8.4.De verzekeringsarts bezwaar en beroep heeft in zijn rapporten van 27 januari 2020, 6 april 2020 en 15 februari 2021 gemotiveerd waarom gedurende de wachttijd voor de WIA bij de werkneemster geen sprake was van re-integratie blokkerende items op het vlak van het concentreren en verdelen van de aandacht. Volgens de verzekeringsarts bezwaar en beroep moet het bij het vasthouden van de aandacht gaan om ernstige beperkingen, waarbij van belang is of de werkneemster een half uur haar aandacht kan vasthouden. Er is volgens de verzekeringsarts bezwaar en beroep geen aanwijzing dat dit beperkt is. Dit blijkt niet uit de gegevens van de bedrijfsarts en evenmin uit het onderzoek door de primaire verzekeringsarts en de op initiatief van eiseres uitgevoerde expertise door HSK. Zo zijn er in het rapport van HSK geen onderzoeksbevindingen beschreven, zoals bijvoorbeeld de waarnemingen die de onderzoeker deed tijdens de expertise op het gebied van concentreren, oriëntatie en geheugen. Verder is er door HSK wel onderzoek gedaan aan de hand van verschillende testen, maar waren deze niet gericht op het cognitief functioneren (vasthouden van de aandacht en het geheugen) van de werkneemster. De testen die wel door HSK zijn gedaan, zijn met name persoonlijkheidstesten. Dit soort testen zijn niet goed uit te voeren als de concentratie beduidend gestoord is, aldus de verzekeringsarts bezwaar en beroep. De aangegeven beperkingen zijn dus niet objectief medisch onderbouwd. Volgens de verzekeringsarts bezwaar en beroep heeft de werkneemster voorheen op een hoog niveau gefunctioneerd en heeft zij vervolgens beperkingen gekregen die nog boven de normaalwaarde van het CBBS vallen ten aanzien van het vasthouden en verdelen van de aandacht alsmede het geheugen. De beperkingen in de rubrieken 1.1, 1.2 en 1.3 van de Functionele Mogelijkhedenlijst (FML) hebben betrekking op ernstige cognitieve problemen, wat volgens de verzekeringsarts bezwaar en beroep bij de werkneemster dus niet aan de orde is.
9. Naar het oordeel van de rechtbank heeft de verzekeringsarts bezwaar en beroep voldoende overtuigend gemotiveerd dat gedurende de wachttijd voor de WIA bij de werkneemster geen sprake was van reintegratie blokkerende items als concentreren en verdelen van de aandacht. Ook heeft de verzekeringsarts bezwaar en beroep voldoende gemotiveerd waarom hierbij niet moet worden uitgegaan van de door eiseres ingeschakelde expertise van HSK. De door de verzekeringsarts bezwaar en beroep opgestelde rapporten voldoen aan de daaraan te stellen eisen.
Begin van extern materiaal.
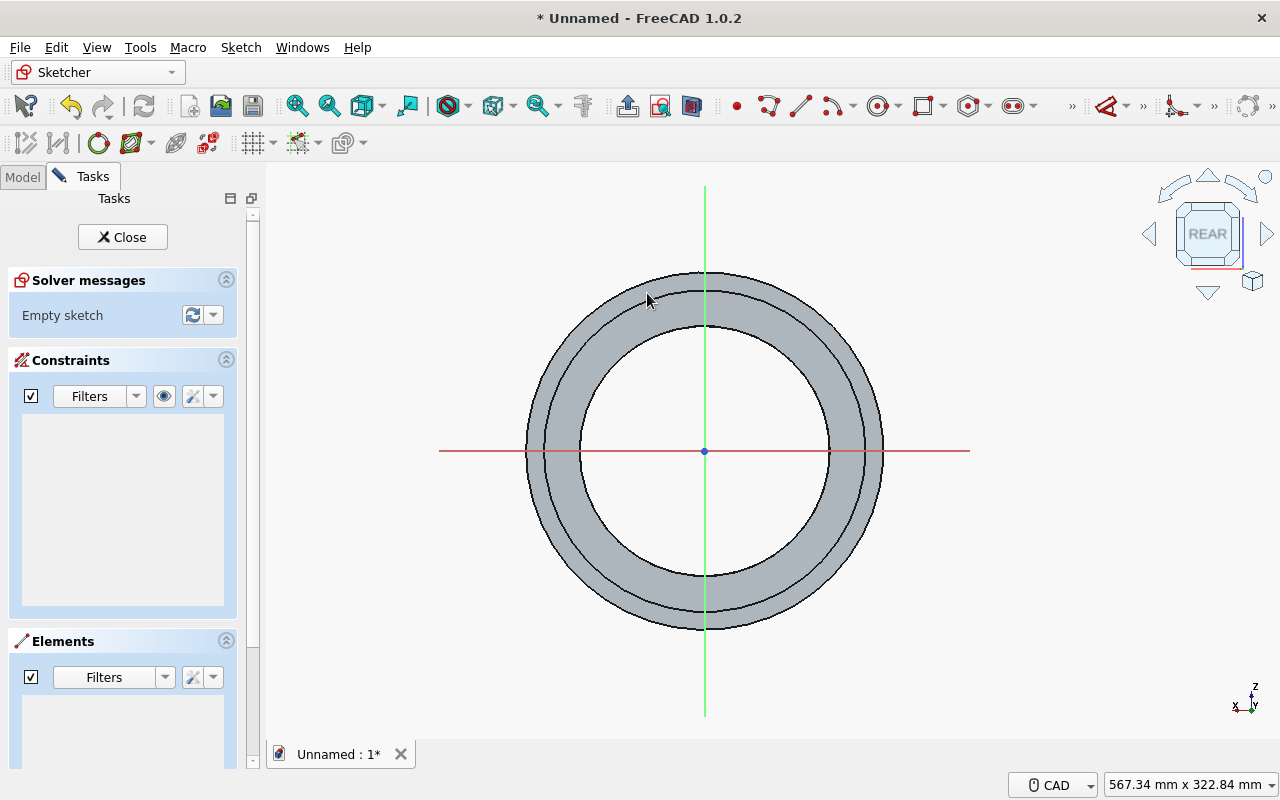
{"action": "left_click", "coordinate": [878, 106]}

In de wachttijd voor de WIA is de werkneemster, zij het met beperkingen, daarmee belastbaar geweest voor arbeid. Dit betekent dat, omdat eiseres ten onrechte is uitgegaan van de re-integratie blokkerende items, er geen toeleiding naar ander werk elders of solliciteren naar betaald werk heeft plaatsgevonden. Gelet hierop is geen sprake van een (gedeeltelijke) werkhervatting die aansluit bij de resterende functionele mogelijkheden van de werknemer. De arbeidsdeskundige heeft voldoende onderbouwd dat hierdoor re-integratiekansen zijn gemist.
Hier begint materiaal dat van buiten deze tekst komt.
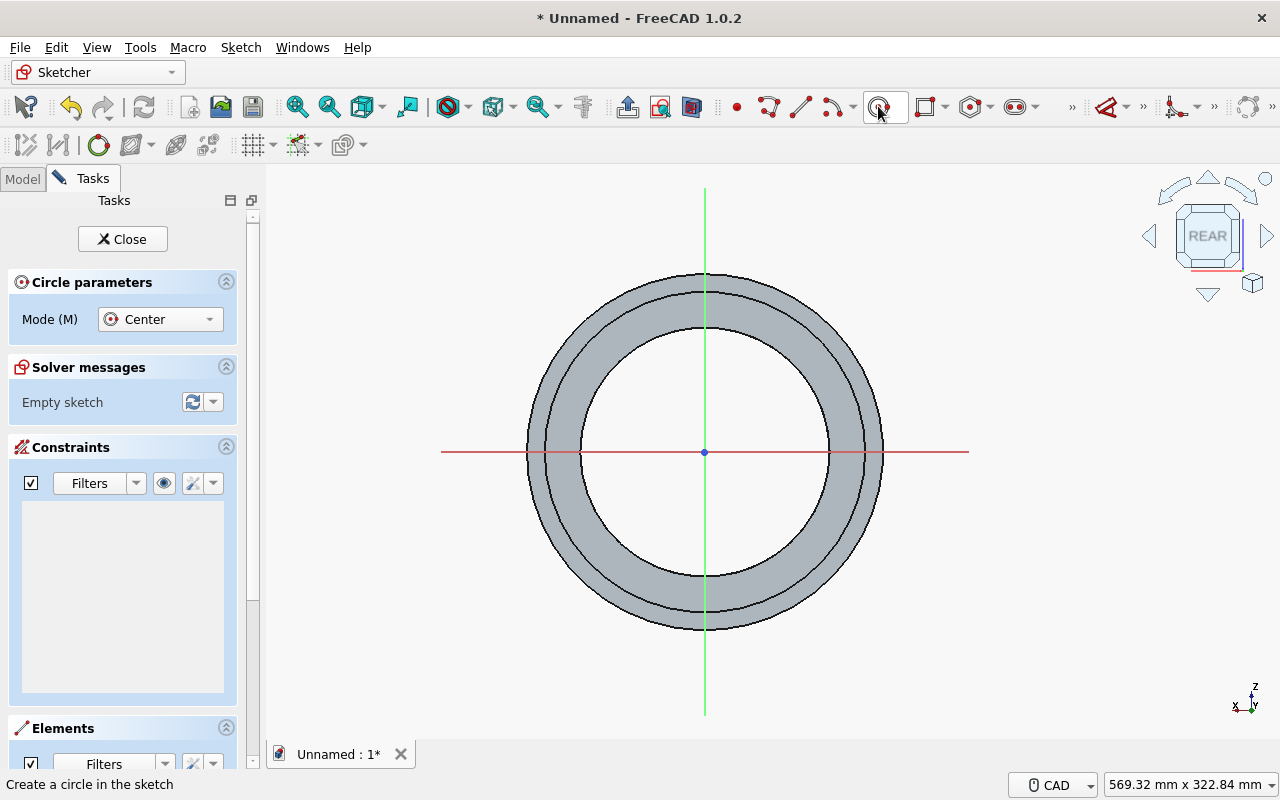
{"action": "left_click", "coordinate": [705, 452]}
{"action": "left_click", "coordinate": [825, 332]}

10. De rechtbank is verder van oordeel dat eiseres zonder deugdelijke grond onvoldoende re‑integratie-inspanningen heeft verricht. Op grond van vaste rechtspraakligt de verantwoordelijkheid voor de re-integratie bij de werkgever en is het voor risico van de werkgever dat hij afgaat op een advies van een door hem ingeschakelde bedrijfsarts dat later onjuist of onvoldoende onderbouwd blijkt te zijn geweest.
11. Het beroep is ongegrond. Dit betekent dat eiseres geen gelijk krijgt. Hoewel de rechtbank aanleiding heeft gezien de verzekeringsarts bezwaar en beroep om een nadere toelichting te vragen, ziet de rechtbank geen reden daaraan de gevolgtrekking te verbinden dat het bestreden besluit onvoldoende of ondeugdelijk is gemotiveerd. Deels houdt dit verband met de omstandigheid dat het complete rapport van HSK niet beschikbaar was, deels met de omstandigheid dat de nadere motivering door de verzekeringsarts bezwaar en beroep in essentie geen andere is dan deze in eerste instantie heeft gegeven. Zoals boven overwogen, acht de rechtbank die motivering toereikend en deugdelijk.
12. Voor een veroordeling in de proceskosten of vergoeding van het griffierecht bestaat is geen aanleiding.